# Optimal lens for shooting artwork for publishing........



## bronzeo (Mar 26, 2014)

I have a Canon 650 D.  I use it to create files to print artwork from.  My needed focusing length is from about 5 to 10 feet. My flat art usually runs from 12 inches to 48 inches across  I'm wanting to go to a lens best averagely suited for this. I probably will need AF because I'm looking at using a CamRanger to fine focus the previews form me. Distortion and focusing is a priority. I have the Canon 18x135 mm ef-s that I have been using doing fairly well, but would like the best affordable results.


----------



## 480sparky (Mar 26, 2014)

Macro.


----------



## Gavjenks (Mar 26, 2014)

Although macro lenses do tend to usually have the lowest distortion for a given focal length, I don't think that's the right choice here personally (unless you got the 180 macro, but you're not going to because it's stupidly expensive). I think for this purpose, it's much more important to get a LONG lens and not worry about distortion so much. Why? Because *perspective *is more your enemy here than distortion is.

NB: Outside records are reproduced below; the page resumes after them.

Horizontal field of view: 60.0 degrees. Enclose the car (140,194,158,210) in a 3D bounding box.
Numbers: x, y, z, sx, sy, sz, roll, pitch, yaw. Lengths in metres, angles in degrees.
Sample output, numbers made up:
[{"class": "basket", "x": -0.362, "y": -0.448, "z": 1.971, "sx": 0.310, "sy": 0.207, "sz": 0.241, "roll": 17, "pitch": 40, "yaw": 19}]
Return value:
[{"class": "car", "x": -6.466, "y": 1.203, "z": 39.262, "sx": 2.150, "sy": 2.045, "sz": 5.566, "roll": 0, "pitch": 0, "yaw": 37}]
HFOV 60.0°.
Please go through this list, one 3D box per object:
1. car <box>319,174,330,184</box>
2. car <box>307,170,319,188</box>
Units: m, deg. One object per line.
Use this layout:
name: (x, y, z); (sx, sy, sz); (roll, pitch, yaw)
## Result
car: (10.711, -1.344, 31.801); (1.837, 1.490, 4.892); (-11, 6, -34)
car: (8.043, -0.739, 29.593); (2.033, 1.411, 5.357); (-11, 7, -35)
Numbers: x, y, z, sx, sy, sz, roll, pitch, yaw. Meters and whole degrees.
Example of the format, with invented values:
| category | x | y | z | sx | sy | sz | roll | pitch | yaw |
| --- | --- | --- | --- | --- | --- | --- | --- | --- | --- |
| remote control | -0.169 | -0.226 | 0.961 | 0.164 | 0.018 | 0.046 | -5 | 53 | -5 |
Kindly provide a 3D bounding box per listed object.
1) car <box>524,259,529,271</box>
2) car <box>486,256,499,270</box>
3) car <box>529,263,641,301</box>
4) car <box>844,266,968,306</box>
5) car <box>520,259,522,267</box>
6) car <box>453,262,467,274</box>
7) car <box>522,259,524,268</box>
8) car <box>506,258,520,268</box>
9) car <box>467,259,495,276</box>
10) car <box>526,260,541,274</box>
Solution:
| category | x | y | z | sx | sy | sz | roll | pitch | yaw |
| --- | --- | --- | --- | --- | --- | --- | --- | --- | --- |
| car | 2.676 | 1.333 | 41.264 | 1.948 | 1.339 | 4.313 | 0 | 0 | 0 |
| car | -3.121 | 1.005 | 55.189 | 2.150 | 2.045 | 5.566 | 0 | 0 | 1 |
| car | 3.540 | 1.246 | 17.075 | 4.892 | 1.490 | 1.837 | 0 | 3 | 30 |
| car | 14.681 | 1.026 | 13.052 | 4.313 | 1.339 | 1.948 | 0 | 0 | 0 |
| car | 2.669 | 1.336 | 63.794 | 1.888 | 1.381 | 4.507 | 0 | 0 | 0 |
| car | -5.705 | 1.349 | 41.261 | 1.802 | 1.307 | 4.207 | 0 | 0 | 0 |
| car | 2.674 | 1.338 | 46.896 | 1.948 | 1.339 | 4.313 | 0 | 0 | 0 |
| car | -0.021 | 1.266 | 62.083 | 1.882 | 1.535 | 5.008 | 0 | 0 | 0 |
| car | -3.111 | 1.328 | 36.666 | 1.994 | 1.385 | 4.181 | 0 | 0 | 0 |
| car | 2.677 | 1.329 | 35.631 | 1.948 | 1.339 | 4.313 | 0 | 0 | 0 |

And the best way to flatten perspective (lines from all parts of the artwork as close to parallel as possible) is with long lenses standing really far away. most macro lenses, at least affordable ones, aren't long at all.

To see what I mean, imagine an artwork 2 stories tall by 2 stories wide. Now imagine taking a photo of it with a 14mm lens a few feet away. The lines will be straight, sure, but the objects in the artwork toward its edges will be tiny and the center huge. That's not what you want. You want every square inch of the painting taking up as close to the same number of pixels as possible. To do this you'd stand way back and use a longer lens. You can't do this as well with a typical 50mm or 100mm macro lens as you can with a 200mm or 300mm or your 135 you already have.

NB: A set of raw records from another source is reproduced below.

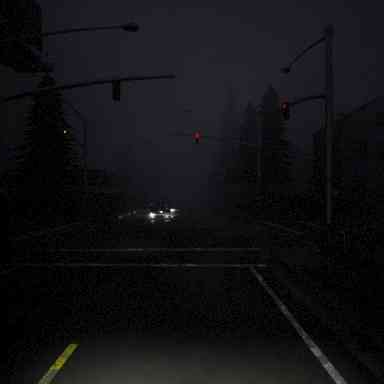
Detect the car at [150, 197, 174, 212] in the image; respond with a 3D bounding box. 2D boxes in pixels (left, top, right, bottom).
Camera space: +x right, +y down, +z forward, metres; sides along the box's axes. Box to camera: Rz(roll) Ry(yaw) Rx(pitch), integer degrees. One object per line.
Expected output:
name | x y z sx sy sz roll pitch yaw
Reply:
car | -3.525 1.352 38.105 2.097 1.767 4.553 0 0 0
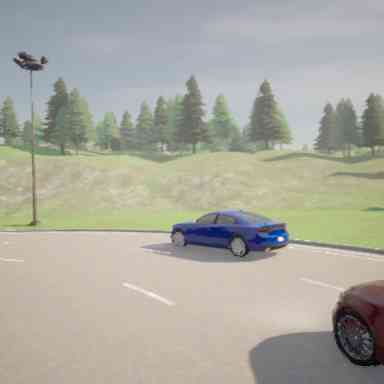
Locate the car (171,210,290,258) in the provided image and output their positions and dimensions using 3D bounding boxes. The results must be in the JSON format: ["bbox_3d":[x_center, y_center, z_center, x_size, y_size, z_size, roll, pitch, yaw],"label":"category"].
[{"bbox_3d":[1.224,1.428,12.681,1.882,1.535,5.008,-1,0,-43],"label":"car"}]

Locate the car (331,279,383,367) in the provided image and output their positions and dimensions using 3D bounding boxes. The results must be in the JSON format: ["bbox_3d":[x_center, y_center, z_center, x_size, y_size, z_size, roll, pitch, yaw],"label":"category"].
[{"bbox_3d":[3.223,1.434,2.876,1.812,1.442,4.674,-1,0,-12],"label":"car"}]
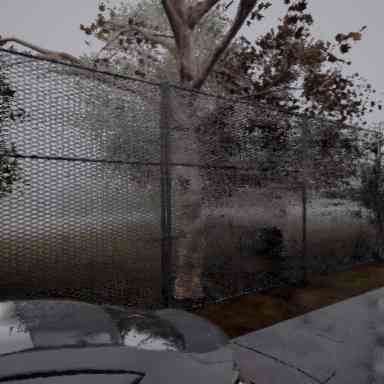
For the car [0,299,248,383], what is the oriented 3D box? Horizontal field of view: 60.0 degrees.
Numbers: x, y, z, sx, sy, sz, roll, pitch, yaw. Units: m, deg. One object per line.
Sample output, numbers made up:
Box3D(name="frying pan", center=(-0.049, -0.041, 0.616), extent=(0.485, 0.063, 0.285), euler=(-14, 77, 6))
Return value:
Box3D(name="car", center=(-1.680, 1.526, 1.869), extent=(4.674, 1.442, 1.812), euler=(0, 0, -35))
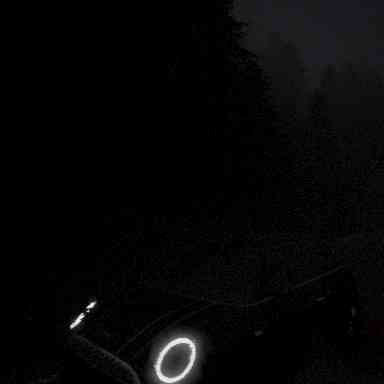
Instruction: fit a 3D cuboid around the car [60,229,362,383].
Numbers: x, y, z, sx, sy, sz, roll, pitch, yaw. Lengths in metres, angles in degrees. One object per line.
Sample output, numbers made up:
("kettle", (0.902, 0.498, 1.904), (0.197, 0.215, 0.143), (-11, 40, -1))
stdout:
("car", (0.615, 1.464, 4.674), (2.097, 1.767, 4.553), (-2, -2, 44))

Also, you have multiple things already protecting you from distortion anyway, making it low priority to worry about:
1) Small aperture (f/8 or f/11) protects you from field curvature
2) The fact that long lenses usually have low distortion anyway
3) Lens profiles built into things like lightroom or photoshop that correct known distortion for you (for barrel or pincushion, etc., and vignetting)

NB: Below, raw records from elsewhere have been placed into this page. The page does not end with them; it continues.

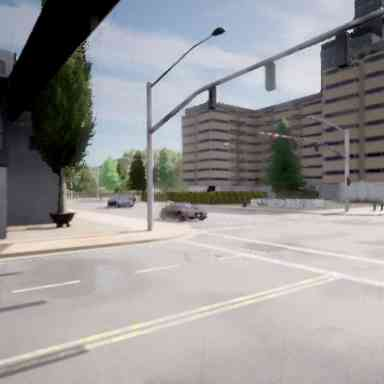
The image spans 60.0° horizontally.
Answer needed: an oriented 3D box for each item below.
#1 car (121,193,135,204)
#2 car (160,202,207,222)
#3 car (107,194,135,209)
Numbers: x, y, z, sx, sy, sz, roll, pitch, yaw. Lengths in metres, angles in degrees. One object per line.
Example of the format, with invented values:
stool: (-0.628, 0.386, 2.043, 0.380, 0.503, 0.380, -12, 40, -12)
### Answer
car: (-12.168, 1.153, 63.504, 2.097, 1.767, 4.553, -4, 2, -7)
car: (-0.686, 1.480, 25.280, 1.994, 1.385, 4.181, 0, 0, -36)
car: (-9.275, 1.249, 43.018, 2.097, 1.767, 4.553, 0, 0, -35)
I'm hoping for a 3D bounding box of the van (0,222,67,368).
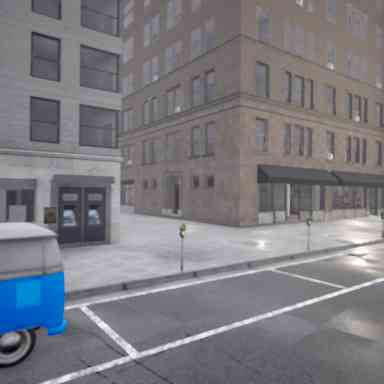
[{"bbox_3d":[-3.669,1.340,4.135,3.998,1.788,1.690,0,1,-35],"label":"van"}]

Whereas you don't have ANY protections against perspective changing the look of your artwork, except simply standing far away.

So I think you'd get better results and spend a lot less money by just using a long lens.


My suggestion if you want to spend $0 and get perfectly good results is:
1) Wait for a dry, _very _cloudy day (almost perfectly even lighting without having to spend any money)
2) Take whatever your longest lens you already own is
3) Prop the art up against a southern facing wall outside in the open, as level as possible, on something like dry cinder blocks with a soft cloth over them to prevent damage
4) Walk back until it fits in your frame
5) Put the camera on a tripod there and line the camera up so it's about halfway up the height of the art, or so that the line from the camera to artwork middle is as close to a 90 degree angle to the surface of the art as possible.
6) Don't use auto, just carefully focus with live view zoomed in all the way until you have perfect focus guaranteed by your eye.
7) Crank the aperture to f/12 or so (depends on lens and your camera's sensor size to be optimal, but this is a general good guess/starting point).
8) Shoot.

Once you have the setup all done, it should go quickly for several pieces. Only having to raise or lower the camera a bit, mostly, depending on different size art.





Edit: if you can't bring them outdoors, then you'll want to get two huuuuge softboxes or perhaps umbrellas (ideally close to the size of the art) with speedlights or monolights and put them both 45 degrees to the artwork as close to it as you can get without getting in the way of the shot. This will cost significantly more than the sun and clouds, but will be very even (and generally useful things to have for other stuff anyway)


----------



## grafxman (Mar 26, 2014)

Gavjenks nailed it!


----------



## CAP (Jun 14, 2014)

I use a 24mm Tilt Shift lens for my photos of photos so to speak works great.


----------